START Data shown
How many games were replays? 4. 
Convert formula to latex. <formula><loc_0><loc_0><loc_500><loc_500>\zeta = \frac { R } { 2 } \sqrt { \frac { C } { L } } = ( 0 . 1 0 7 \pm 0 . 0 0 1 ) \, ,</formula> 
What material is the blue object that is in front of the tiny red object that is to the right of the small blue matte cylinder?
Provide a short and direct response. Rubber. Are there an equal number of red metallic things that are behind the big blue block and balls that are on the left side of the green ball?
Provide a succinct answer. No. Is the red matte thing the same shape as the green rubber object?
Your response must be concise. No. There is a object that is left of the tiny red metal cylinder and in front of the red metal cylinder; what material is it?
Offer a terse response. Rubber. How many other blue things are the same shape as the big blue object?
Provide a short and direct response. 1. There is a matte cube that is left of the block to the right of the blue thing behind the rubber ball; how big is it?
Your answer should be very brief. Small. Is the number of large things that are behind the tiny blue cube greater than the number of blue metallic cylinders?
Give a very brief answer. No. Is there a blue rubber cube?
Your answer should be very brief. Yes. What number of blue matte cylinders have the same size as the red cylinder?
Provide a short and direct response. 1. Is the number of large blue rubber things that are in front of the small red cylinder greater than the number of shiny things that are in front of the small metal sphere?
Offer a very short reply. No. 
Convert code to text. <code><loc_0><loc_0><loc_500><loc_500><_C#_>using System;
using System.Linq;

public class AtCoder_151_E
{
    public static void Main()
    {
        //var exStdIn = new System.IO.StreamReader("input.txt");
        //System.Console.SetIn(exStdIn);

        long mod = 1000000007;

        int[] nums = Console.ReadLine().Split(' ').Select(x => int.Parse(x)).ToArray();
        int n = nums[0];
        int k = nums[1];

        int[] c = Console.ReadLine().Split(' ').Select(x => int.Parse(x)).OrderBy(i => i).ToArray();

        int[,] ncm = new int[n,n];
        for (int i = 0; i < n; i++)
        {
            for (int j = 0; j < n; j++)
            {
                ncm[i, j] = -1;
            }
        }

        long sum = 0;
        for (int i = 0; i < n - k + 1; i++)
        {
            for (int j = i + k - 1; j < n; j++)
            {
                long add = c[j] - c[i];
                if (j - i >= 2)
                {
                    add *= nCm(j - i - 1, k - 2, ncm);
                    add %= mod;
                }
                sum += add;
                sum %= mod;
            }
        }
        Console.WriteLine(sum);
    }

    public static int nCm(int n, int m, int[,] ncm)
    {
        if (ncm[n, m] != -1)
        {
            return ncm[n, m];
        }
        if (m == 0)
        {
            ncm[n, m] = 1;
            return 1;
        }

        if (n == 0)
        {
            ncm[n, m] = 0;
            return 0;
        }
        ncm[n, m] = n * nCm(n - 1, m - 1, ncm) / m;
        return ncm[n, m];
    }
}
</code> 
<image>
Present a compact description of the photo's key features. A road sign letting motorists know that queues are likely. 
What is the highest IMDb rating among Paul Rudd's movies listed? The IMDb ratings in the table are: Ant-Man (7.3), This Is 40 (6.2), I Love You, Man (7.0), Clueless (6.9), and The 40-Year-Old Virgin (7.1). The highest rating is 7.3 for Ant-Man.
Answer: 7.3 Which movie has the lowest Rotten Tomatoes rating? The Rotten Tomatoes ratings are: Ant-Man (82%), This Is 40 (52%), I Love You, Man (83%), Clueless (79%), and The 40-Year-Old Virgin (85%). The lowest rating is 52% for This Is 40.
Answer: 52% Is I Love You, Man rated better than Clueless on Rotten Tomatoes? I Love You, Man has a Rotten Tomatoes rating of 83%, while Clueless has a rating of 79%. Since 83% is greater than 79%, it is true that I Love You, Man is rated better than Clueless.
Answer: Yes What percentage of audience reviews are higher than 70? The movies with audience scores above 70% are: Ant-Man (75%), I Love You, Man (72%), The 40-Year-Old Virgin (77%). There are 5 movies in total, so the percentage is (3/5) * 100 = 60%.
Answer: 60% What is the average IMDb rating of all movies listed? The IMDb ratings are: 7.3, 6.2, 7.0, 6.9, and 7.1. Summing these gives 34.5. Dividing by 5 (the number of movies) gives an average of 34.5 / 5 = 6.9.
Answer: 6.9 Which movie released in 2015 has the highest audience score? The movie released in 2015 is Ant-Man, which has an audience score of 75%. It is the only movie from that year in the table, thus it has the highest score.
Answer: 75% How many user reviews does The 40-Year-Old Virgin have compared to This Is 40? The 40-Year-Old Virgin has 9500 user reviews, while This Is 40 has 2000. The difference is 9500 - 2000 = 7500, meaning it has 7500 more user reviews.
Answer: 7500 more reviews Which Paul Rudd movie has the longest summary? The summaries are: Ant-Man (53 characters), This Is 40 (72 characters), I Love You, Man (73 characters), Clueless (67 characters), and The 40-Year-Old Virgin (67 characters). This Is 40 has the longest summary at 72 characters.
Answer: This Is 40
END Data shown
▶ **What to do**: The required output is the exact run of lines from the beginning of the listing above to the line that contains "Provide a succinct", inclusive of both.

▶ **Solution**:
How many games were replays? 4. 
Convert formula to latex. <formula><loc_0><loc_0><loc_500><loc_500>\zeta = \frac { R } { 2 } \sqrt { \frac { C } { L } } = ( 0 . 1 0 7 \pm 0 . 0 0 1 ) \, ,</formula> 
What material is the blue object that is in front of the tiny red object that is to the right of the small blue matte cylinder?
Provide a short and direct response. Rubber. Are there an equal number of red metallic things that are behind the big blue block and balls that are on the left side of the green ball?
Provide a succinct answer. No. Is the red matte thing the same shape as the green rubber object?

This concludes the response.